Problem to work on: Only the lines from the top of the data through the line with "Assign each object" should be repeated, each exactly as written.

Source material:
----------
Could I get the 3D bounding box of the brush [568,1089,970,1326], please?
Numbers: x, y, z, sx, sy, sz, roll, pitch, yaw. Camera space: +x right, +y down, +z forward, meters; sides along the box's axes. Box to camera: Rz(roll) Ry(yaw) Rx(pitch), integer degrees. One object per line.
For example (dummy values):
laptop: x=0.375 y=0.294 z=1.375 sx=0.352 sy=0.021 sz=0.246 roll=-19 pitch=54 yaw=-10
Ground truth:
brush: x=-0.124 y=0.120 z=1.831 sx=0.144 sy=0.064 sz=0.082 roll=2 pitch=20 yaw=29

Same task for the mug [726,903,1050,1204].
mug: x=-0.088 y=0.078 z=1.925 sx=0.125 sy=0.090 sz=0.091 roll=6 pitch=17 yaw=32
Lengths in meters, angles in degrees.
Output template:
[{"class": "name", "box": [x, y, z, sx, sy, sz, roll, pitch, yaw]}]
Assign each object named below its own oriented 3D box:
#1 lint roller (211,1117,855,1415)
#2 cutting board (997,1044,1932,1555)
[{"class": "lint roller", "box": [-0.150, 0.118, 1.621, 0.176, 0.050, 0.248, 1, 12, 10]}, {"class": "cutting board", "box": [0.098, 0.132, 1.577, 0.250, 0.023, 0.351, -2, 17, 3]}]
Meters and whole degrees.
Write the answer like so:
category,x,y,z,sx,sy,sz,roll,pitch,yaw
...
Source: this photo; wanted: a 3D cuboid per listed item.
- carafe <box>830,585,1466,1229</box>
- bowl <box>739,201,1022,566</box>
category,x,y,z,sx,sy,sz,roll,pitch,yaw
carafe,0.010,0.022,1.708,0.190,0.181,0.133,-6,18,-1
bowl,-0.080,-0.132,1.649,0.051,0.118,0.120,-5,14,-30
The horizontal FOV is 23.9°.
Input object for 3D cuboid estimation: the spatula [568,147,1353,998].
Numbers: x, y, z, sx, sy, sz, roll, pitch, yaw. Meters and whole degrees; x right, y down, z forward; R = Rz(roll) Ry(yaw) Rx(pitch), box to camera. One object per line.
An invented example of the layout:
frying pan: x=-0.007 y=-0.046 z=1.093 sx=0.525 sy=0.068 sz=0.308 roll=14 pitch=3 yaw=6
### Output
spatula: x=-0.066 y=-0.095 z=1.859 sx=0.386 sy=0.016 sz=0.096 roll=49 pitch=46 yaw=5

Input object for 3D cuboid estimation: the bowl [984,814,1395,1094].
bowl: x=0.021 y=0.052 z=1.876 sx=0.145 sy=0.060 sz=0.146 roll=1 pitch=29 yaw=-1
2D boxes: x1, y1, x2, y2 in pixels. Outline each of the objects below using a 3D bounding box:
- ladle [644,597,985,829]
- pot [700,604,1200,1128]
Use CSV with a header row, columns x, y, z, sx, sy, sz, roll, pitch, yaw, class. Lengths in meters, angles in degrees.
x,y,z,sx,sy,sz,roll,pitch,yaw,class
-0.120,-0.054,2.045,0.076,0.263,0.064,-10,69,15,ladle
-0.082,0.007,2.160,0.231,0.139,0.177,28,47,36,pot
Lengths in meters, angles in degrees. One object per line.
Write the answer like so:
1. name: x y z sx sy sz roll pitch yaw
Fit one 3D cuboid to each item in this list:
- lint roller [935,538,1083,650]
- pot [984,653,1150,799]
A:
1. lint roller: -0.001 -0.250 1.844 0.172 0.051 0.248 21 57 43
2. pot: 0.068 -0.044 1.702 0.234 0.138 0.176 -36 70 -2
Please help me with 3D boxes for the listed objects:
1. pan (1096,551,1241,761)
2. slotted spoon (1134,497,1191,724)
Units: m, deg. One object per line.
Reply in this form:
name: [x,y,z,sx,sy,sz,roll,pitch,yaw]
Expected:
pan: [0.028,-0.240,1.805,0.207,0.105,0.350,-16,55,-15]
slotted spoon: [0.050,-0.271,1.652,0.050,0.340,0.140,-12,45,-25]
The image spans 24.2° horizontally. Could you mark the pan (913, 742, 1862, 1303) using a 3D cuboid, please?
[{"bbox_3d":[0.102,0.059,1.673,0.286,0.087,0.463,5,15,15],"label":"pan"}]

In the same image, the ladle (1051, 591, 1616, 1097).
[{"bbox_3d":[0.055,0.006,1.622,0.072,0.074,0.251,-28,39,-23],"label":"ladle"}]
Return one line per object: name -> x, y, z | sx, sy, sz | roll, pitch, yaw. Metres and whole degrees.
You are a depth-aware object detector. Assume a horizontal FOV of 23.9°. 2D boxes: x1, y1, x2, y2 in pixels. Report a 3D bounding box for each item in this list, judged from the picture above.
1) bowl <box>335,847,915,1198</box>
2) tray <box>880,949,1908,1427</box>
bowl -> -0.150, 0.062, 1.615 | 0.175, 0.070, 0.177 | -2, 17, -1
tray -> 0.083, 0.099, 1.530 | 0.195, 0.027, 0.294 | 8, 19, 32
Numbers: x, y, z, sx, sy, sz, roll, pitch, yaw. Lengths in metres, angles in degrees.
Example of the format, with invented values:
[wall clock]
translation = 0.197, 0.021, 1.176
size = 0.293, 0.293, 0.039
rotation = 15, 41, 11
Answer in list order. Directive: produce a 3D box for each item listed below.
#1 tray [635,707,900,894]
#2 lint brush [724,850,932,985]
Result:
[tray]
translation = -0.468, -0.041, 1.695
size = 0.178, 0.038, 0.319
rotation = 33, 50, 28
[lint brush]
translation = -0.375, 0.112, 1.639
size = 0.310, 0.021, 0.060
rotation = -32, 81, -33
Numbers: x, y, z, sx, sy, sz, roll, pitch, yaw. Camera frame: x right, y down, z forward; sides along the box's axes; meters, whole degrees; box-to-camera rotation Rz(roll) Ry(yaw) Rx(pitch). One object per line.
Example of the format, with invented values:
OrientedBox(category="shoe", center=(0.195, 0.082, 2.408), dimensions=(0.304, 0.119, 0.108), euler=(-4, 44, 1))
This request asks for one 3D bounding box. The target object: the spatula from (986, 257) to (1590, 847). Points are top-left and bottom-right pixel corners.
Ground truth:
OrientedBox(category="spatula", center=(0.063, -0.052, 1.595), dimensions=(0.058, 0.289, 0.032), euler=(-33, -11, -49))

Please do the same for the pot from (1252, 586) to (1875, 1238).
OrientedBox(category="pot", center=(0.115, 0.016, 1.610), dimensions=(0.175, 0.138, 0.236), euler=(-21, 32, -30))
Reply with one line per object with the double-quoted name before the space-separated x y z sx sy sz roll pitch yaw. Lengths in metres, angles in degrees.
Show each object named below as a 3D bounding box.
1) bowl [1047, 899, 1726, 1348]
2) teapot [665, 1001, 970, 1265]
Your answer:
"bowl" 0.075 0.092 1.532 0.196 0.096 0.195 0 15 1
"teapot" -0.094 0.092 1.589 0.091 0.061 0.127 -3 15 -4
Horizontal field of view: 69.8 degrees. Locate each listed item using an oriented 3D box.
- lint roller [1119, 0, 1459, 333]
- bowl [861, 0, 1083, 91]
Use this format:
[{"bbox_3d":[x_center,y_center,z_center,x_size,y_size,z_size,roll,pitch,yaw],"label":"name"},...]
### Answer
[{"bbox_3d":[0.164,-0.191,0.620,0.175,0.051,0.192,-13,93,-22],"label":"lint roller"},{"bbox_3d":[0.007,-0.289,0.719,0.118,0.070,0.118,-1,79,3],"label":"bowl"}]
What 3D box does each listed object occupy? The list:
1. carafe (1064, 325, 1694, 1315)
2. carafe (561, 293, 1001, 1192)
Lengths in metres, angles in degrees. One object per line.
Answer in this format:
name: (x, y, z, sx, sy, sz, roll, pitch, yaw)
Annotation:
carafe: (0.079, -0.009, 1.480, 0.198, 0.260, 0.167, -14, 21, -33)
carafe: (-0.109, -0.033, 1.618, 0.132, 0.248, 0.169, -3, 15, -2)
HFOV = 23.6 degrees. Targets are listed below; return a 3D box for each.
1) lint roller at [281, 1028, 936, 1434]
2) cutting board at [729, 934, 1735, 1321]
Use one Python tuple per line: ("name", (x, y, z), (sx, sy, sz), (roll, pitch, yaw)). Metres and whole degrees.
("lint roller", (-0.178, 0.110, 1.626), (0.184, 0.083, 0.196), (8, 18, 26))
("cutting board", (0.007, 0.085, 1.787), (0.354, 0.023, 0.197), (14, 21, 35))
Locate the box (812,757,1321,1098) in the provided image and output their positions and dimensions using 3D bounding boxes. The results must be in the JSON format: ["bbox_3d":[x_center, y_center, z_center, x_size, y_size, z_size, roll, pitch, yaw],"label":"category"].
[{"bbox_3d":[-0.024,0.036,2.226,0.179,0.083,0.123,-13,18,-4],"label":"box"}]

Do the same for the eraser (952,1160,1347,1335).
----------
Answer to the exercise:
Could I get the 3D bounding box of the brush [568,1089,970,1326], please?
Numbers: x, y, z, sx, sy, sz, roll, pitch, yaw. Camera space: +x right, +y down, +z forward, meters; sides along the box's axes. Box to camera: Rz(roll) Ry(yaw) Rx(pitch), integer degrees. One object per line.
For example (dummy values):
laptop: x=0.375 y=0.294 z=1.375 sx=0.352 sy=0.021 sz=0.246 roll=-19 pitch=54 yaw=-10
Ground truth:
brush: x=-0.124 y=0.120 z=1.831 sx=0.144 sy=0.064 sz=0.082 roll=2 pitch=20 yaw=29

Same task for the mug [726,903,1050,1204].
mug: x=-0.088 y=0.078 z=1.925 sx=0.125 sy=0.090 sz=0.091 roll=6 pitch=17 yaw=32
Lengths in meters, angles in degrees.
Output template:
[{"class": "name", "box": [x, y, z, sx, sy, sz, roll, pitch, yaw]}]
Assign each object named below its own oriented 3D box:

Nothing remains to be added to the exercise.